| Curt Schilling on D&C: ‘I’m taking a swing at ['Nice inning, kid'] comment’ | 08.03.12 at 7:14 pm ET |
Former Red Sox pitcher Curt Schilling joined Dennis & Callahan Friday morning and discussed how he would have reacted to the most recent issue in the Red Sox clubhouse regarding Bobby Valentine and Will Middlebrooks. To listen to the interview, visit the Dennis & Callahan audio on demand page.
Valentine told Middlebrooks “Nice inning, kid” after an inning in which he recorded two errors, something Schilling said he would have taken exception to.
“Listen, I can tell you that as a player, that’s a swing,” Schilling said. “I’m taking a swing at that comment. And I’m not talking about just Bobby – if anybody – Bobby is different. He runs and beats to a different drummer.
However, while Schilling disagreed with the way Valentine handled the situation with Middlebrooks, he said there is a different issue that is revealed through this story.
“What that tells me is you clearly have a player or players or a coach who wants [Valentine] to have no part in this organization,” Schilling said. “The bigger issue for me is that – and I’ve had a conversation, not like that, but if I had to have a conversation like that about my manager, I would have had it with my manager. To think that that coach or that person thinks so little of him to go to the front office, that is a whole different set of issues that exists.”
Schilling also talked about his chances at the hall of fame, as he will be inducted into the Red Sox hall of fame before Friday night’s game.
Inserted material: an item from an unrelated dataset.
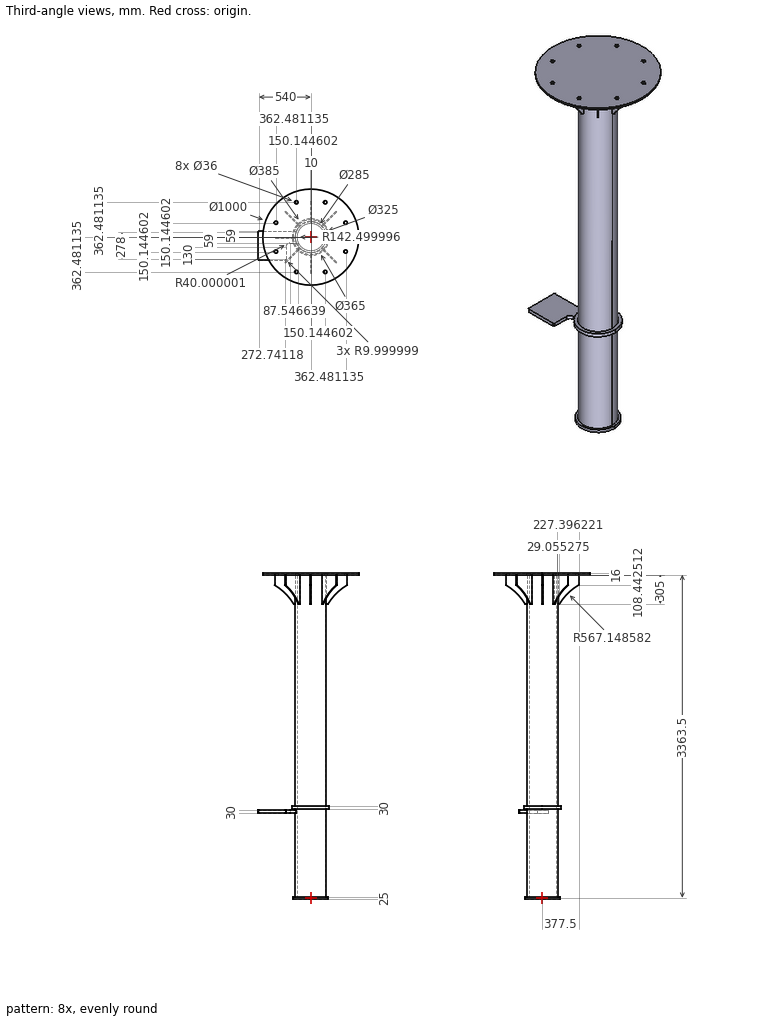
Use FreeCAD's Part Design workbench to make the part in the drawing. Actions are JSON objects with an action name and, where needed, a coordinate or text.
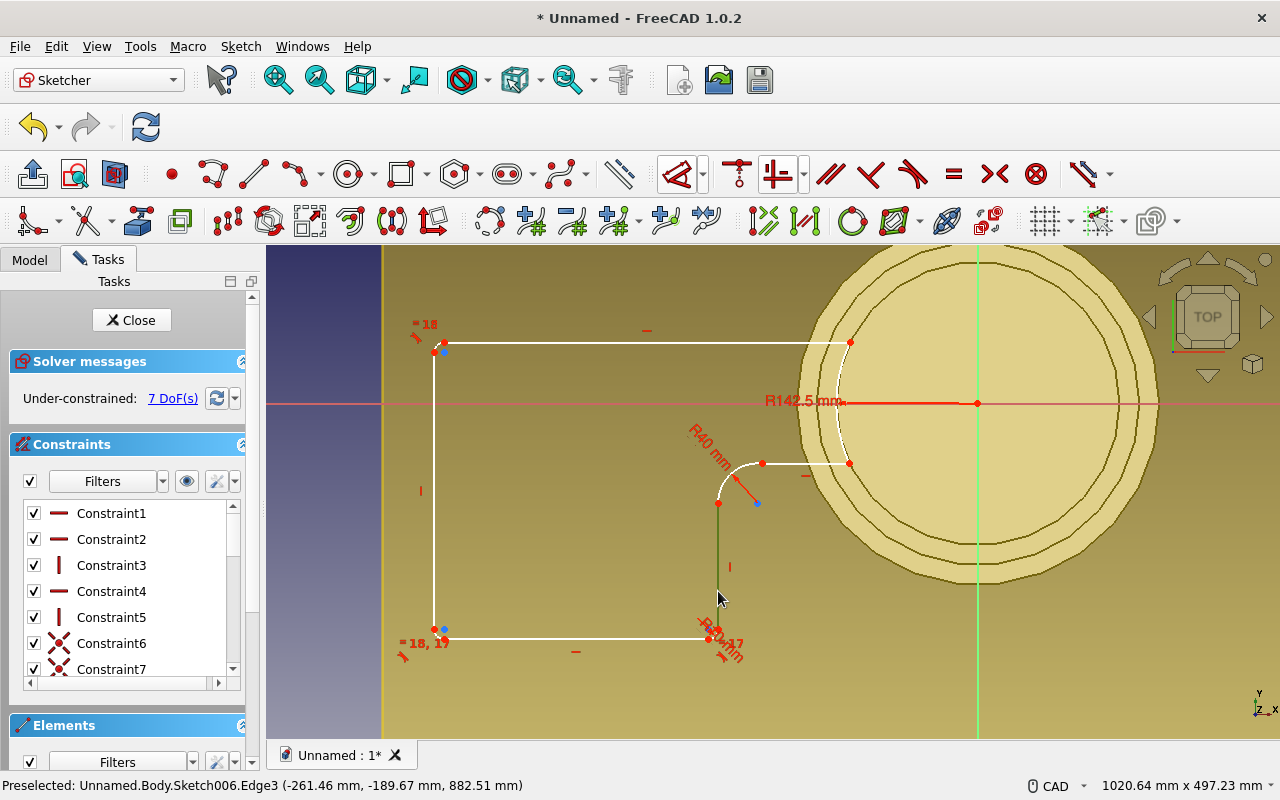
{"action": "key", "text": "i"}
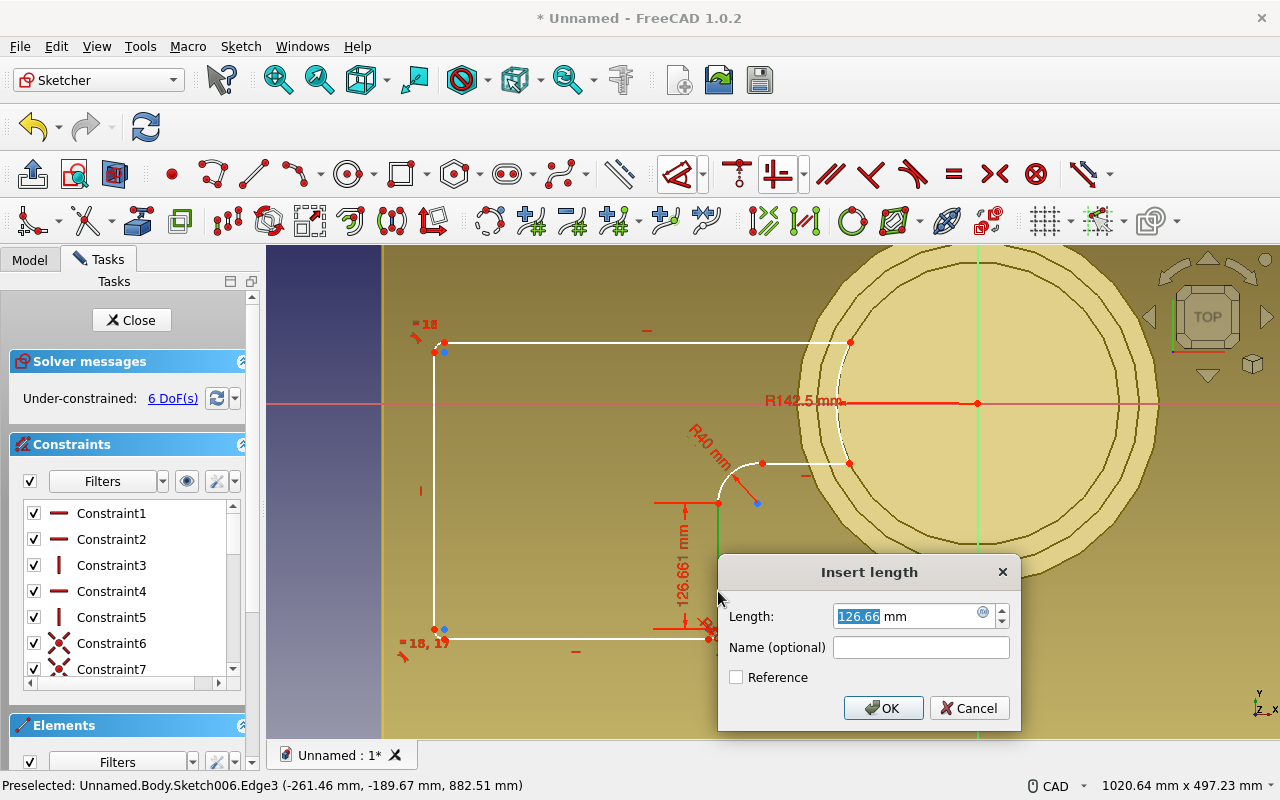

The four-time World Series champion said that he does not know how playing during the steroid era will affect his chances at the hall of fame.
“I don’t know. I really don’t,” Schilling said. “It will be interesting, I guess, in the sense that most of the guys that are up there in recognition or achievement that I’m on the ballot with initially cheated. And I didn’t. I don’t know what that is going to mean or what it means. I guess it’s a source of pride in a sense for me though, to look at that and to understand, to be able to look at my boys and make them understand. I got kicked around a little bit, but I played the game clean. Not all of the guys on this ballot can say that.”
The steroid era has appeared to have hindered the chances of some players, such as Jeff Bagwell, at the hall of fame due to mere suspicion of performance enhancing drug use. However, Schilling said that it’s the players’ fault in the end.
“As much as players want to cry – at the end of the day it’s our fault. We could have done something about it and we didn’t. We had the ability to do something about it and we didn’t. We had an inkling or we knew, and we failed to act and it cost us.”
“We had players like Rick Helling and others who stood up very early in the process and stood up and said ‘This has got to stop.’ I think a lot of people, I think they were either like me and were like, ‘Come on, you’re making a bigger deal out of it than it really is,’ or you were cheating and you wanted him to sit down and shut up. There was a bury your heads in the sand mentality amongst the players that didn’t have a clue. And then there was the owners who wanted nobody to talk about it because people were coming through the turnstiles in record numbers.”